Work to complete. Exact copies of all the lines below are required.

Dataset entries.
-=-=-=-=-

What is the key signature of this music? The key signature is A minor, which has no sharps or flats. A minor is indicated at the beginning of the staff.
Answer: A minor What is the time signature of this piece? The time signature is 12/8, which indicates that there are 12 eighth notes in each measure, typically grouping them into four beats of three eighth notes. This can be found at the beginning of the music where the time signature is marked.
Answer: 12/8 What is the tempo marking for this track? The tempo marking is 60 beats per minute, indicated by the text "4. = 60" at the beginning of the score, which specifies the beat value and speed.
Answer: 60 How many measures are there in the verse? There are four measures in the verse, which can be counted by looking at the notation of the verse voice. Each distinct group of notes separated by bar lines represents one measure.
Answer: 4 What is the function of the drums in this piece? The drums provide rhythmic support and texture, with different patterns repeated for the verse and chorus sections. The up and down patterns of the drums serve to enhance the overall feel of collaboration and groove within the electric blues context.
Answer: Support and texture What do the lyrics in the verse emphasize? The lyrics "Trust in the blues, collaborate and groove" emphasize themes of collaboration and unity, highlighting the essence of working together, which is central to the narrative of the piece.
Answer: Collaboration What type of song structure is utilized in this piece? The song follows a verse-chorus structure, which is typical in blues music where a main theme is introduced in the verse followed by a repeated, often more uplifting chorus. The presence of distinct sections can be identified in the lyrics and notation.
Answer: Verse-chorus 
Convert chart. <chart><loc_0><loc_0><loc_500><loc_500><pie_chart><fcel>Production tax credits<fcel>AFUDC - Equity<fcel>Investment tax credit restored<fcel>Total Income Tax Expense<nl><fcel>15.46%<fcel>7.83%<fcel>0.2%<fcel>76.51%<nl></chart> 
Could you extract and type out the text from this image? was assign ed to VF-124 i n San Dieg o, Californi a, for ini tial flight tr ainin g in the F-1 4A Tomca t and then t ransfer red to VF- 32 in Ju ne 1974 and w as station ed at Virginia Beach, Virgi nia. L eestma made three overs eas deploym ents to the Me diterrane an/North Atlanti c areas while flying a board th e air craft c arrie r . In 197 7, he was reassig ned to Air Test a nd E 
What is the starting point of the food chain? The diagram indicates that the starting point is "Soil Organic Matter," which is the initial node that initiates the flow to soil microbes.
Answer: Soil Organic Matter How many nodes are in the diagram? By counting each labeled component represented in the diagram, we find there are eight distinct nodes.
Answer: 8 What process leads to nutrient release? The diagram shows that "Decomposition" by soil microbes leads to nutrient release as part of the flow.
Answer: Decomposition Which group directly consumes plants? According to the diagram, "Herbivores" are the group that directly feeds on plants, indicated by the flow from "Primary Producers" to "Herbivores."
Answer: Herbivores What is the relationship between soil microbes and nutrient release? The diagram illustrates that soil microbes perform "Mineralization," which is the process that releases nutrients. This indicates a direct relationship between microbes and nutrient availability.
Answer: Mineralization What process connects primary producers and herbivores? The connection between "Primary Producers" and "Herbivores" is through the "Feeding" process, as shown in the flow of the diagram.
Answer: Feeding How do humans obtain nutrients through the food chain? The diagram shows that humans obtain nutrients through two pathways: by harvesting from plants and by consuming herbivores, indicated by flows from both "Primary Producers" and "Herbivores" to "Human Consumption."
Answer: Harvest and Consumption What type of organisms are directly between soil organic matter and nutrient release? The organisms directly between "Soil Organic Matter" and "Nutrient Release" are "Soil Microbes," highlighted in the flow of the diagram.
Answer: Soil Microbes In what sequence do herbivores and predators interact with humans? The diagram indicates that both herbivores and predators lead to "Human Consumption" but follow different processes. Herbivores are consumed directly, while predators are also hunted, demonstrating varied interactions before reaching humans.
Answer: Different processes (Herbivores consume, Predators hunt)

-=-=-=-=-

Answer section.
What is the key signature of this music? The key signature is A minor, which has no sharps or flats. A minor is indicated at the beginning of the staff.
Answer: A minor What is the time signature of this piece? The time signature is 12/8, which indicates that there are 12 eighth notes in each measure, typically grouping them into four beats of three eighth notes. This can be found at the beginning of the music where the time signature is marked.
Answer: 12/8 What is the tempo marking for this track? The tempo marking is 60 beats per minute, indicated by the text "4. = 60" at the beginning of the score, which specifies the beat value and speed.
Answer: 60 How many measures are there in the verse? There are four measures in the verse, which can be counted by looking at the notation of the verse voice. Each distinct group of notes separated by bar lines represents one measure.
Answer: 4 What is the function of the drums in this piece? The drums provide rhythmic support and texture, with different patterns repeated for the verse and chorus sections. The up and down patterns of the drums serve to enhance the overall feel of collaboration and groove within the electric blues context.
Answer: Support and texture What do the lyrics in the verse emphasize? The lyrics "Trust in the blues, collaborate and groove" emphasize themes of collaboration and unity, highlighting the essence of working together, which is central to the narrative of the piece.
Answer: Collaboration What type of song structure is utilized in this piece? The song follows a verse-chorus structure, which is typical in blues music where a main theme is introduced in the verse followed by a repeated, often more uplifting chorus. The presence of distinct sections can be identified in the lyrics and notation.
Answer: Verse-chorus 
Convert chart. <chart><loc_0><loc_0><loc_500><loc_500><pie_chart><fcel>Production tax credits<fcel>AFUDC - Equity<fcel>Investment tax credit restored<fcel>Total Income Tax Expense<nl><fcel>15.46%<fcel>7.83%<fcel>0.2%<fcel>76.51%<nl></chart> 
Could you extract and type out the text from this image? was assign ed to VF-124 i n San Dieg o, Californi a, for ini tial flight tr ainin g in the F-1 4A Tomca t and then t ransfer red to VF- 32 in Ju ne 1974 and w as station ed at Virginia Beach, Virgi nia. L eestma made three overs eas deploym ents to the Me diterrane an/North Atlanti c areas while flying a board th e air craft c arrie r . In 197 7, he was reassig ned to Air Test a nd E 
What is the starting point of the food chain? The diagram indicates that the starting point is "Soil Organic Matter," which is the initial node that initiates the flow to soil microbes.
Answer: Soil Organic Matter How many nodes are in the diagram? By counting each labeled component represented in the diagram, we find there are eight distinct nodes.
Answer: 8 What process leads to nutrient release? The diagram shows that "Decomposition" by soil microbes leads to nutrient release as part of the flow.
Answer: Decomposition Which group directly consumes plants? According to the diagram, "Herbivores" are the group that directly feeds on plants, indicated by the flow from "Primary Producers" to "Herbivores."
Answer: Herbivores What is the relationship between soil microbes and nutrient release? The diagram illustrates that soil microbes perform "Mineralization," which is the process that releases nutrients. This indicates a direct relationship between microbes and nutrient availability.
Answer: Mineralization What process connects primary producers and herbivores? The connection between "Primary Producers" and "Herbivores" is through the "Feeding" process, as shown in the flow of the diagram.
Answer: Feeding How do humans obtain nutrients through the food chain? The diagram shows that humans obtain nutrients through two pathways: by harvesting from plants and by consuming herbivores, indicated by flows from both "Primary Producers" and "Herbivores" to "Human Consumption."
Answer: Harvest and Consumption What type of organisms are directly between soil organic matter and nutrient release? The organisms directly between "Soil Organic Matter" and "Nutrient Release" are "Soil Microbes," highlighted in the flow of the diagram.
Answer: Soil Microbes In what sequence do herbivores and predators interact with humans? The diagram indicates that both herbivores and predators lead to "Human Consumption" but follow different processes. Herbivores are consumed directly, while predators are also hunted, demonstrating varied interactions before reaching humans.
Answer: Different processes (Herbivores consume, Predators hunt)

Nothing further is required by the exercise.